-- Extracted entries follows --
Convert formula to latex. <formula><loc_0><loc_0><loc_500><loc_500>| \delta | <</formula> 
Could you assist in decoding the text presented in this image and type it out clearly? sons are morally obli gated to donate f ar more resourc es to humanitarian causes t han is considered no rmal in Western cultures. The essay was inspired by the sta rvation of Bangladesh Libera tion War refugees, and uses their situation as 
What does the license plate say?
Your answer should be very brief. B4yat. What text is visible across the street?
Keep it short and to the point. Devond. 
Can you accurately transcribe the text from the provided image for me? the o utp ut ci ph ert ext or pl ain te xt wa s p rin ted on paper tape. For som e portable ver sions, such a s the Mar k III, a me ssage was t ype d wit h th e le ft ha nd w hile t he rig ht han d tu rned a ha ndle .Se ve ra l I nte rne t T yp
-- Extracted entries concluded --
-- Extracted entries follows --
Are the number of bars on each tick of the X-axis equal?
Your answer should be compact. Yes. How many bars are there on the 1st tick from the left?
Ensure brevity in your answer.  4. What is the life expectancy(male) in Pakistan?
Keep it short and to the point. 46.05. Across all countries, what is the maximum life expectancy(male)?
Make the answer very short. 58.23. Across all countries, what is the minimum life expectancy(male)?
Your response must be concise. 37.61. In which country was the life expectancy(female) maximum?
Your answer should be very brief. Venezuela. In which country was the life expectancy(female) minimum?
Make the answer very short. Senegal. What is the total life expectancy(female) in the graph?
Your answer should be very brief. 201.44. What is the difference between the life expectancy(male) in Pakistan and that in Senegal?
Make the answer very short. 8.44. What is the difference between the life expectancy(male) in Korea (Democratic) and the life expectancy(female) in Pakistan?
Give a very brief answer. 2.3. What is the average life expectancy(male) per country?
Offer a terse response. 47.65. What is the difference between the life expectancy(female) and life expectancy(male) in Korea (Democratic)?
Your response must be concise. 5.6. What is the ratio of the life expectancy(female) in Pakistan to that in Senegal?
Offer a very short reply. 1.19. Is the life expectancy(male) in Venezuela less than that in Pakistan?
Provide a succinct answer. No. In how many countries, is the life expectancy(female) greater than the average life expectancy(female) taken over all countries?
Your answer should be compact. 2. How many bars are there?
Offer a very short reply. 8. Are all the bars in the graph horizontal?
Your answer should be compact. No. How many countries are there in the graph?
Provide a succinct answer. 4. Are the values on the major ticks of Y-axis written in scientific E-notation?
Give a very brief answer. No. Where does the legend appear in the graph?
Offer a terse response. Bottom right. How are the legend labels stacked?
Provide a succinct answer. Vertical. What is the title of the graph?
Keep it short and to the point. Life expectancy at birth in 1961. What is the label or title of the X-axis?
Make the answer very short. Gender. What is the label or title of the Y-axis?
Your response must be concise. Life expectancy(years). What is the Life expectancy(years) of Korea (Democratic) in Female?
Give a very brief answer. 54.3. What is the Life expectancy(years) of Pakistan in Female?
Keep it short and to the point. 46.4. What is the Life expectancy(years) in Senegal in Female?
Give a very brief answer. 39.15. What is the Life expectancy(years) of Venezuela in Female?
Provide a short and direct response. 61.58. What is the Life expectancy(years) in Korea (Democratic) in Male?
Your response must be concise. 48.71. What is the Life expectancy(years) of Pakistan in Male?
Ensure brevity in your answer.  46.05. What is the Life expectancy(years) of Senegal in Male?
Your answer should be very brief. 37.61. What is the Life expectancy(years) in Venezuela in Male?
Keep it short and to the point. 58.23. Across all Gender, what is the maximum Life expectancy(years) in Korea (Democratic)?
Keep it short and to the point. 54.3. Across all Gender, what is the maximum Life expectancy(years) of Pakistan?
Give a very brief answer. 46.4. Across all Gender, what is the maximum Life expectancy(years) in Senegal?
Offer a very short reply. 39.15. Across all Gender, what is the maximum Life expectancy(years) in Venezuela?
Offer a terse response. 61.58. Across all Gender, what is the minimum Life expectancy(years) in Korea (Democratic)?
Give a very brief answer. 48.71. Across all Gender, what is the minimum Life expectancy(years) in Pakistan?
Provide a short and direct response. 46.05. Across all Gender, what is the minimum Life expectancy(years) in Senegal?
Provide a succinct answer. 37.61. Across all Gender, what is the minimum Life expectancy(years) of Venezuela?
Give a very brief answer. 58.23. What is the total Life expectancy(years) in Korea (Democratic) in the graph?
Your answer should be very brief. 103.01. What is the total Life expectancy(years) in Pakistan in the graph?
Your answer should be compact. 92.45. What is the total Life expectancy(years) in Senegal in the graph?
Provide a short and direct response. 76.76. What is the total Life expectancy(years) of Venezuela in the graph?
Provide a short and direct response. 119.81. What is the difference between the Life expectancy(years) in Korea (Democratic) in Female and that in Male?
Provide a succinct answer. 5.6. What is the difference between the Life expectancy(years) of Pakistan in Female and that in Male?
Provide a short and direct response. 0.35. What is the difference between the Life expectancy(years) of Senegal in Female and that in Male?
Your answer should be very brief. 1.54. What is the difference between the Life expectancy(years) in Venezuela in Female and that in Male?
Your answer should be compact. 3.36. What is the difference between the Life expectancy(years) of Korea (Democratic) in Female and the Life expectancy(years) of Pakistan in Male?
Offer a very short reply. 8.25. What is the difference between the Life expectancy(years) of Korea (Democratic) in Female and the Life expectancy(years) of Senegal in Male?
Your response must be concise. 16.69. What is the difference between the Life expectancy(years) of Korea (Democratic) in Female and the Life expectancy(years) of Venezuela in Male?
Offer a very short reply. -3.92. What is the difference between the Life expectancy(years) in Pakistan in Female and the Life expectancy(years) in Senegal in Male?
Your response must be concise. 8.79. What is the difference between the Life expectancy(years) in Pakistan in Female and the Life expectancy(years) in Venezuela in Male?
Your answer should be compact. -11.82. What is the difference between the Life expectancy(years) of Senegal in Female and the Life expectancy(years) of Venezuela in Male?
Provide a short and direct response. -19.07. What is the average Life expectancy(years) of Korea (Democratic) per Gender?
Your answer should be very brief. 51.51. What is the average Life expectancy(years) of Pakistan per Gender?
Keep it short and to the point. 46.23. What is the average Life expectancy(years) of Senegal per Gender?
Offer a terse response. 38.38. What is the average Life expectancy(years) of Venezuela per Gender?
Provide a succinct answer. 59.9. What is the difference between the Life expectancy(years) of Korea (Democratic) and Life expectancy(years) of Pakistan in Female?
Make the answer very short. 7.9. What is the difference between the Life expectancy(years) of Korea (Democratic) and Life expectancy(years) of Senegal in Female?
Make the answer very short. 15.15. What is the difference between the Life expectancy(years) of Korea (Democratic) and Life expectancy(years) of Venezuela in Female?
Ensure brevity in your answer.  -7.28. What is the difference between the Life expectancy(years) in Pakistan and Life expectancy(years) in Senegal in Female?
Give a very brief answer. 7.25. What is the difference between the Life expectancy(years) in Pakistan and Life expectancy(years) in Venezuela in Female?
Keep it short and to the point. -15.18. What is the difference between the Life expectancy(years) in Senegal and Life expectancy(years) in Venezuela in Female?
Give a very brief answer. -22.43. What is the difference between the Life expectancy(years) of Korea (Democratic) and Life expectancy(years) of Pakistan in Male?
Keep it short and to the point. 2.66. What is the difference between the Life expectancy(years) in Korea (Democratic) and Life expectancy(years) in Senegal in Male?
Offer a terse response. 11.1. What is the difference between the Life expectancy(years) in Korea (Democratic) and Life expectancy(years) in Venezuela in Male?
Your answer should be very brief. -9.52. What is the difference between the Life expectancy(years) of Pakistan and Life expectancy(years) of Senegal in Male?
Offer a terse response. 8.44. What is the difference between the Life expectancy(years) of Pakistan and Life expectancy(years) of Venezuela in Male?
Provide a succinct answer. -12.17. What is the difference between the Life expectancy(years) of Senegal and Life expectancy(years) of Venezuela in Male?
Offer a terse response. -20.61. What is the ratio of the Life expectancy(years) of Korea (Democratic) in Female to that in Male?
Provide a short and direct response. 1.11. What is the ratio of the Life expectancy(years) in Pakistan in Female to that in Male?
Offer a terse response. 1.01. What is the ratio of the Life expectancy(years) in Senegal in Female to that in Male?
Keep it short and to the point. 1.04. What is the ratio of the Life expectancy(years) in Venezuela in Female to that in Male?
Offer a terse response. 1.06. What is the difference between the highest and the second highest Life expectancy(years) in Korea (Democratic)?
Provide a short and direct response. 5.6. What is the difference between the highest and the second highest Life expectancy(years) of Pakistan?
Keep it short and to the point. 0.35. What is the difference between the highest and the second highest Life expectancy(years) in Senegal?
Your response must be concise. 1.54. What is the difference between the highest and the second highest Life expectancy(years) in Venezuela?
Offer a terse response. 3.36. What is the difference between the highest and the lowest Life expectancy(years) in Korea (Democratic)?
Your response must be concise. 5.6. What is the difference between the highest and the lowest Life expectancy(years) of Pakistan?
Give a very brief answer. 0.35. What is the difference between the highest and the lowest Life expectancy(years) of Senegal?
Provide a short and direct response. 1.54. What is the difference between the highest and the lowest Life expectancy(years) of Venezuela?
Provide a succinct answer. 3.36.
-- Extracted entries concluded --
In the listing above, locate the line containing "Make the answer very short. 8.44." and the line containing "Provide a succinct answer. Vertical.". Transcribe those two lines and everything between them, exactly as written.

## Result of this task:
Make the answer very short. 8.44. What is the difference between the life expectancy(male) in Korea (Democratic) and the life expectancy(female) in Pakistan?
Give a very brief answer. 2.3. What is the average life expectancy(male) per country?
Offer a terse response. 47.65. What is the difference between the life expectancy(female) and life expectancy(male) in Korea (Democratic)?
Your response must be concise. 5.6. What is the ratio of the life expectancy(female) in Pakistan to that in Senegal?
Offer a very short reply. 1.19. Is the life expectancy(male) in Venezuela less than that in Pakistan?
Provide a succinct answer. No. In how many countries, is the life expectancy(female) greater than the average life expectancy(female) taken over all countries?
Your answer should be compact. 2. How many bars are there?
Offer a very short reply. 8. Are all the bars in the graph horizontal?
Your answer should be compact. No. How many countries are there in the graph?
Provide a succinct answer. 4. Are the values on the major ticks of Y-axis written in scientific E-notation?
Give a very brief answer. No. Where does the legend appear in the graph?
Offer a terse response. Bottom right. How are the legend labels stacked?
Provide a succinct answer. Vertical. What is the title of the graph?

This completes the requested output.